Origin
I created H.L.D.R to develop a product (or proof-of-concept) that harnesses GenAI for positive impact. I often found myself becoming overly reliant on tools that were diminishing my confidence and inducing a sense of imposter syndrome in my work and knowledge. It became increasingly difficult to tackle challenging problems without resorting to ChatGPT for solutions. H.L.D.R was my solution to break this dependency.
v1 Instructions Deprecated
Implementation Process
Code Development
The user writes their code as usual, focusing on solving a problem, creating a feature, or exploring algorithms.
File Save Trigger
The file is saved manually (via CTRL+S
) or automatically based on user preferences. Saving acts as the trigger for analysis.
Insight Generation
H.L.D.R produces insights directly in the command line, including error detection, optimization suggestions, and alternative solutions.
The feedback may include error detection, suggestions for optimization, or alternative solutions tailored to the user's coding style or goals. While this approach is functional and demonstrates the core concept effectively, it leaves significant room for improvement to enhance user experience and accessibility.
Features
- Real-Time Feedback: Provides immediate insights as you type, reducing delays and enhancing productivity.
- Cross-Platform Compatibility: Hosted using a FastAPI backend on fly.dev, ensuring seamless access across various environments.
- Enhanced Accessibility: Streamlined setup and improved CLI interface make it more user-friendly for developers at all levels.
- Platform Independence: No longer restricted to GitHub Codespaces, allowing local development and broader IDE integration.
- Universal Theme Support: HLDR works seamlessly with any editor theme.
- Debouncing for API Requests: Optimized for environments with autosave enabled.

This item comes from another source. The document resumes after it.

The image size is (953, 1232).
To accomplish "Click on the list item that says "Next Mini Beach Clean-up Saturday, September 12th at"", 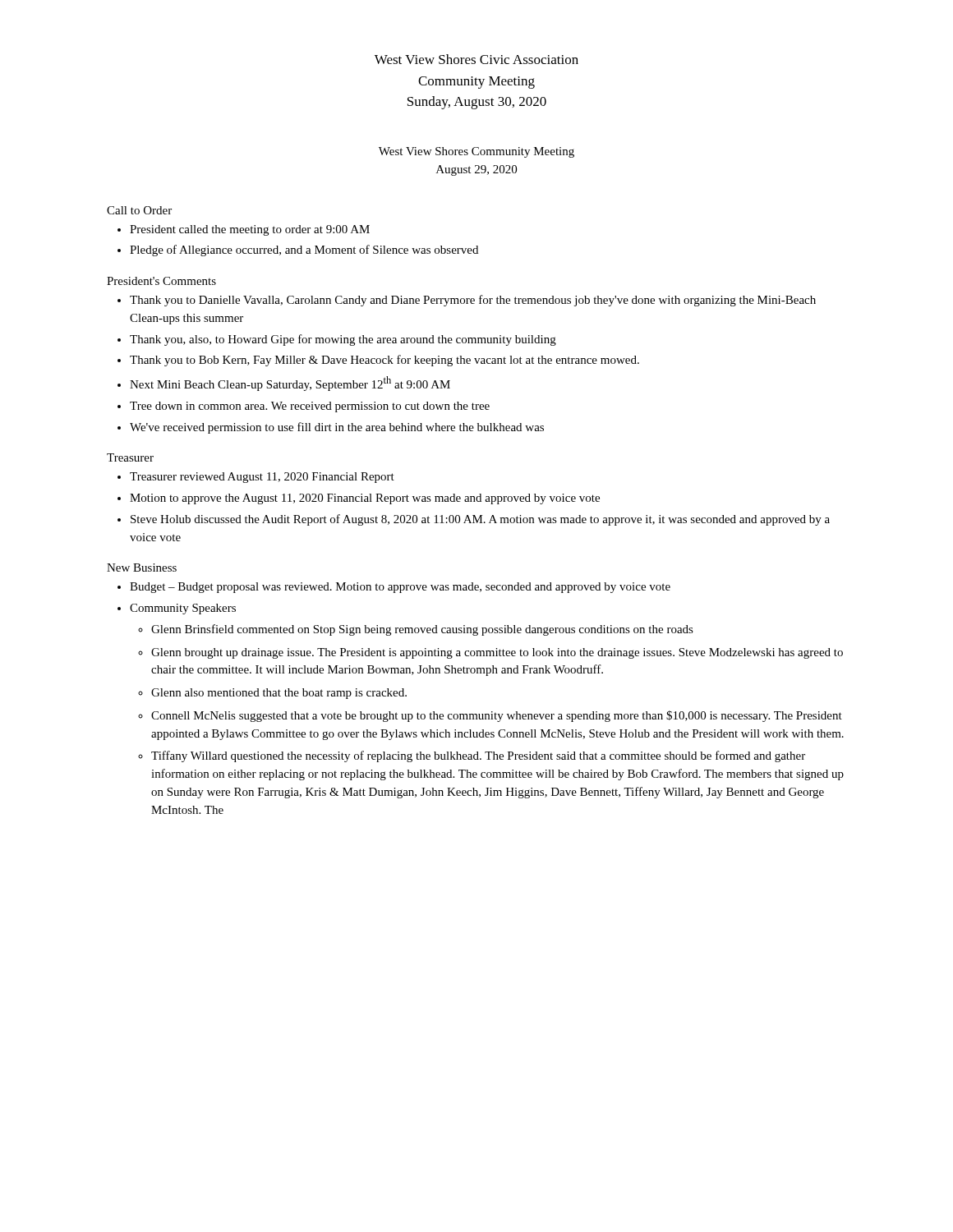I will tap(290, 383).

- Enhanced Markdown Formatting: Offers syntax highlighting, bold text, and code snippets for improved readability.
- High Performance: The backend can process up to 1000 tokens per minute, ensuring efficient handling of requests.
Proposed Future Enhancements
- Analysis History: Implement a feature to retain the history of analyses within the current session, instead of replacing previous content with the latest response.

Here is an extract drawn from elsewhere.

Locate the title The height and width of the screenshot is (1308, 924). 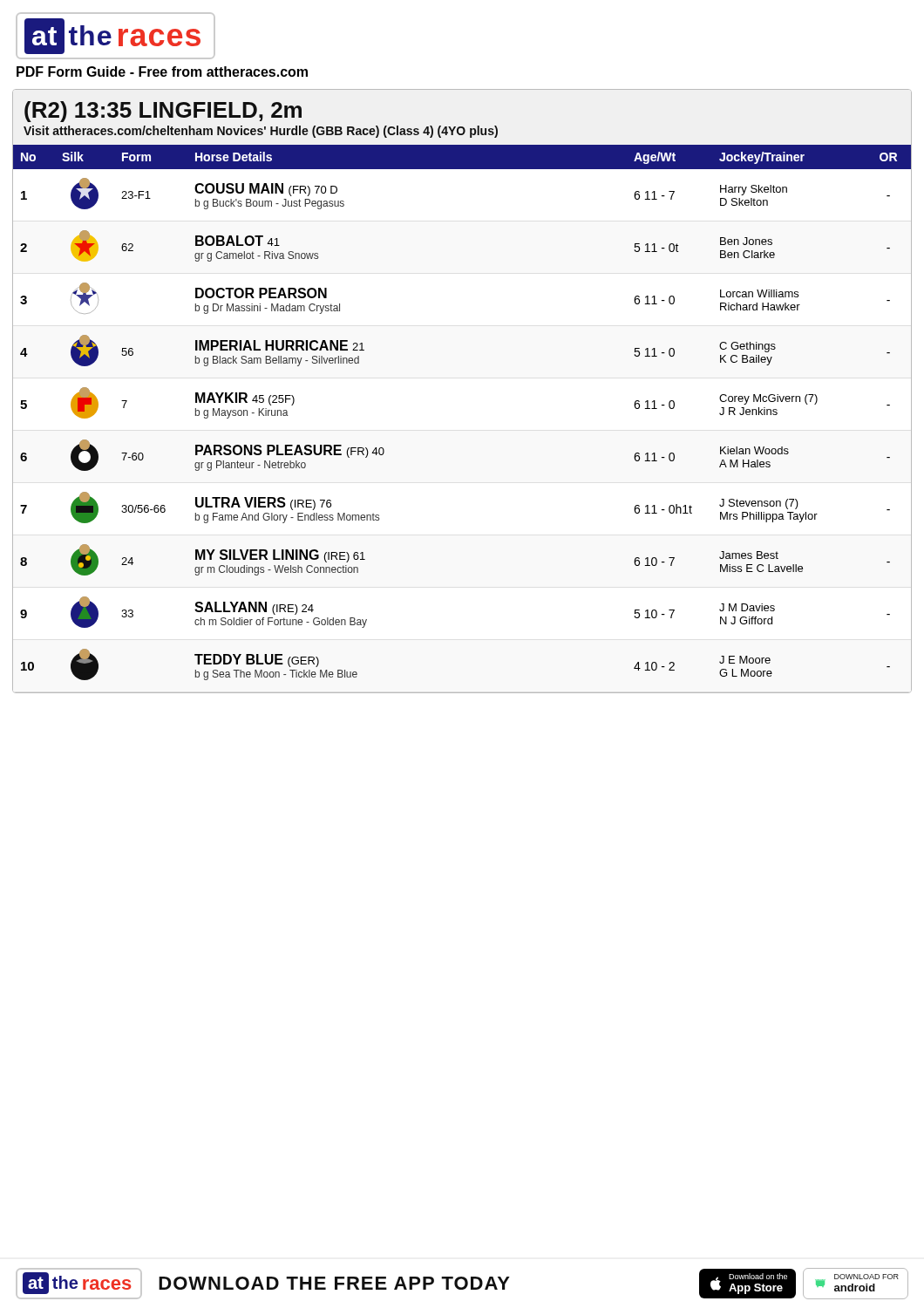[x=462, y=110]

- Neovim Plugin: Create a plugin for Neovim leveraging Lua, featuring asynchronous communication, floating windows for insights, and configurable key mappings.
- Expanded IDE Support: Build plugins for other popular IDEs like JetBrains IntelliJ, PyCharm, and Sublime Text to make H.L.D.R widely accessible.
- Code Snippets: Allow users to select specific portions of their code for analysis, reducing token usage and improving request completion time.